Customer story: Brussels Airlines
Brussels Airlines is a member of the Lufthansa Group. The airline daily operates some 300 flights to over 100 European and African destinations, New York, Washington D.C. and Toronto.
“We wanted to come as close as possible to a bullet-proof IT- Security situation and therefore decided to call upon intigriti’s ethical hackers who found a critical vulnerability that we then mitigated.”
– Jean-François Simons
CISO & Data Privacy Officer Brussels Airlines
About Brussels Airlines
|10.2 million passengers||1,6 billion euro revenue|
The Bumpy Road to a New Way of Security Testing
Jean-François Simons has been Brussels Airlines CISO for over 9 years. Bug bounty and ethical hacking caught his attention a few years ago. Introducing the concept at Brussels Airlines, however, needed some persuasion.
For the management, the prospect of letting crowdsourced security experts find undetected issues was at first sight not an easy decision to take.
Mr Simons’ reaction to the initial pushback? “We need the support of ethical hackers to reinforce our IT-Security before non-ethical hackers find a possible vulnerability that they will of course not report to us!”
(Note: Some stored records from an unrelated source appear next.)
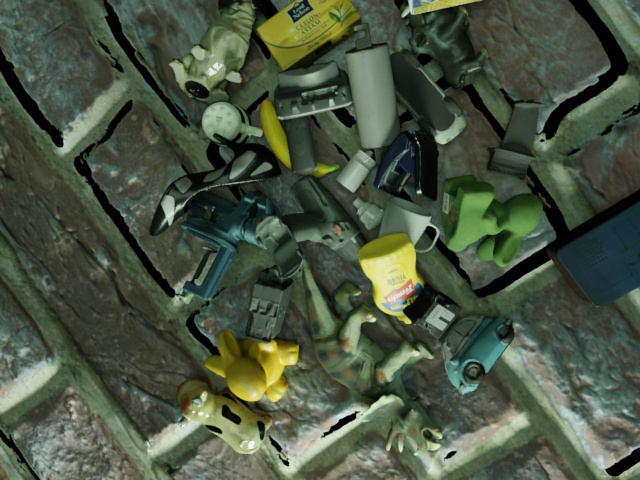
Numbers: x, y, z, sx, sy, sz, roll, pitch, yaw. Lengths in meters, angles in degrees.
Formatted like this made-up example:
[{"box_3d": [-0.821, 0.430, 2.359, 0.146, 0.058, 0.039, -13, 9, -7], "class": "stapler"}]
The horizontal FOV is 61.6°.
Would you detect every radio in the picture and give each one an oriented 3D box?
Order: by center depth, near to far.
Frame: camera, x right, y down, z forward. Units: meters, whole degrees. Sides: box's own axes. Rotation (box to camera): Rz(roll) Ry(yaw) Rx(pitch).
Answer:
[{"box_3d": [0.535, 0.009, 0.936, 0.230, 0.073, 0.131, -33, 90, 11], "class": "radio"}]

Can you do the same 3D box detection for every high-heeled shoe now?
[{"box_3d": [-0.187, -0.079, 0.972, 0.145, 0.086, 0.248, 35, 90, 0], "class": "high-heeled shoe"}]

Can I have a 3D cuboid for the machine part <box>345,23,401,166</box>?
[{"box_3d": [0.095, -0.251, 0.942, 0.079, 0.079, 0.243, -9, 112, 9], "class": "machine part"}]

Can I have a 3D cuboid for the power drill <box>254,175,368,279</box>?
[{"box_3d": [-0.002, -0.003, 0.952, 0.086, 0.207, 0.232, -39, 81, 45], "class": "power drill"}]

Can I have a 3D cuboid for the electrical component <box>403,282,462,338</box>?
[{"box_3d": [0.214, 0.135, 0.970, 0.119, 0.048, 0.075, 36, 97, -34], "class": "electrical component"}]

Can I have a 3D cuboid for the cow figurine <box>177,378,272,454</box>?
[{"box_3d": [-0.193, 0.339, 1.035, 0.195, 0.127, 0.085, 36, 95, 2], "class": "cow figurine"}]

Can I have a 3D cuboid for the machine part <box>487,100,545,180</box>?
[{"box_3d": [0.354, -0.184, 0.965, 0.084, 0.039, 0.138, 19, 98, 12], "class": "machine part"}]

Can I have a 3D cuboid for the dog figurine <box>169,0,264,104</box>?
[{"box_3d": [-0.189, -0.369, 1.017, 0.172, 0.121, 0.190, -12, 52, 42], "class": "dog figurine"}]

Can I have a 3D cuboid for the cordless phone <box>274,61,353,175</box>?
[{"box_3d": [-0.005, -0.217, 0.977, 0.147, 0.088, 0.184, -10, 86, 6], "class": "cordless phone"}]

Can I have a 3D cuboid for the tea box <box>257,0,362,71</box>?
[{"box_3d": [-0.017, -0.389, 0.988, 0.170, 0.068, 0.098, -34, 89, 10], "class": "tea box"}]

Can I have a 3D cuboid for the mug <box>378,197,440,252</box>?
[{"box_3d": [0.157, -0.011, 0.989, 0.110, 0.081, 0.107, 23, 110, -1], "class": "mug"}]

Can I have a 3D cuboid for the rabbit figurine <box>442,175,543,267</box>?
[{"box_3d": [0.312, -0.034, 0.946, 0.170, 0.121, 0.159, -1, 98, -7], "class": "rabbit figurine"}]

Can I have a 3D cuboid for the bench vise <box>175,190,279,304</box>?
[{"box_3d": [-0.180, 0.017, 1.004, 0.224, 0.128, 0.240, 24, 79, 13], "class": "bench vise"}]

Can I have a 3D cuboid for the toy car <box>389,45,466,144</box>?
[{"box_3d": [0.181, -0.264, 0.976, 0.073, 0.056, 0.202, -41, 86, 15], "class": "toy car"}]

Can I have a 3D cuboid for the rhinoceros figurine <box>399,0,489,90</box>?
[{"box_3d": [0.219, -0.359, 0.959, 0.112, 0.073, 0.190, -36, 90, 19], "class": "rhinoceros figurine"}]

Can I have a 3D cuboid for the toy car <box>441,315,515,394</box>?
[{"box_3d": [0.275, 0.192, 0.972, 0.103, 0.109, 0.161, 35, 89, 22], "class": "toy car"}]

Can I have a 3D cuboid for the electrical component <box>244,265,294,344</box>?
[{"box_3d": [-0.093, 0.115, 1.011, 0.058, 0.115, 0.134, 14, 98, 4], "class": "electrical component"}]

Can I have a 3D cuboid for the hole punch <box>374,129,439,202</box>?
[{"box_3d": [0.157, -0.130, 0.956, 0.092, 0.142, 0.115, 3, 86, 31], "class": "hole punch"}]

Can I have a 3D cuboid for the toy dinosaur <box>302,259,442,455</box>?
[{"box_3d": [0.067, 0.214, 1.000, 0.405, 0.131, 0.192, 41, 98, 10], "class": "toy dinosaur"}]

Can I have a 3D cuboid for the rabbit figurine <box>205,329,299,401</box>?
[{"box_3d": [-0.126, 0.231, 0.995, 0.162, 0.173, 0.122, 31, 102, 0], "class": "rabbit figurine"}]

A clear definition of the scope of the project with intigriti helped get the project on the rails. So did setting a limit to the potential reward that would go to the researchers who found vulnerabilities.
With a clear scope and a predefined budget, the bug bounty program got off to a good start.
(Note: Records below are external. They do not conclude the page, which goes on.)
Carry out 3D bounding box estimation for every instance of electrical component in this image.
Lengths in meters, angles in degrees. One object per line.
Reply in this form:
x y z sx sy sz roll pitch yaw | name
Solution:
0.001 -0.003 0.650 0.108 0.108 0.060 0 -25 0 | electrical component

“Using intigriti was a totally different way of working.
People were scared that we would open the platform for hackers,
and also worried about the cost of the bounties.”
– Jean-François Simons
Pentesting is valuable, but ethical hackers are specialists in specific domains
Jean-François Simons’ team was prepared for the testing. “I see pentesting as a security test that you take before going to a bug bounty program. It’s like a cleanup. If you start with bug bounty straight away, you might be in for an unpleasant surprise. We had done multiple pentests in the past. So, we were pretty sure we would be well prepared for the bug bounty program…”
Pretty quickly a critical finding surfaced that needed mitigation.
“The pentests were good, but ethical hackers are specialists in their specific domain. Some do cross-site scripting, SQL injection and so on. The vulnerability they found could only be discovered by very specialized and highly skilled people. Pentesting does SQL injection too, on a high level, but those tests simply couldn’t have found those vulnerabilities. I consider pentesting a sequential review to improve the general security of your systems. Afterwards, you give it to specialists.”
The Power of the Platform
It is not just finding the bugs and vulnerabilities that makes intigriti valuable for Brussels Airlines.
Mr Simons points out the PR value. “The fact that we are using a bug bounty program, shows that we really try to go one step further. Should we face a major issue, we will be able to use this. Working with ethical hackers shows that we are really trying, not just sitting around waiting for something to happen.”
Furthermore, bug bounty provides the devops and digital teams at Brussels Airlines with a new collaboration opportunity. People learn from what has been discovered. “Intigriti is not a ‘sanctioning tool’. There is great added value in the close collaboration on the platform. Any question you have, there’s always somebody who answers it or escalates it if necessary. When an issue is found, both the internal and the external teams work together to solve the problem”
As a result of working with ethical hackers, more IT people at Brussels Airlines are aware of what is ongoing, and actively contribute to improve the information security.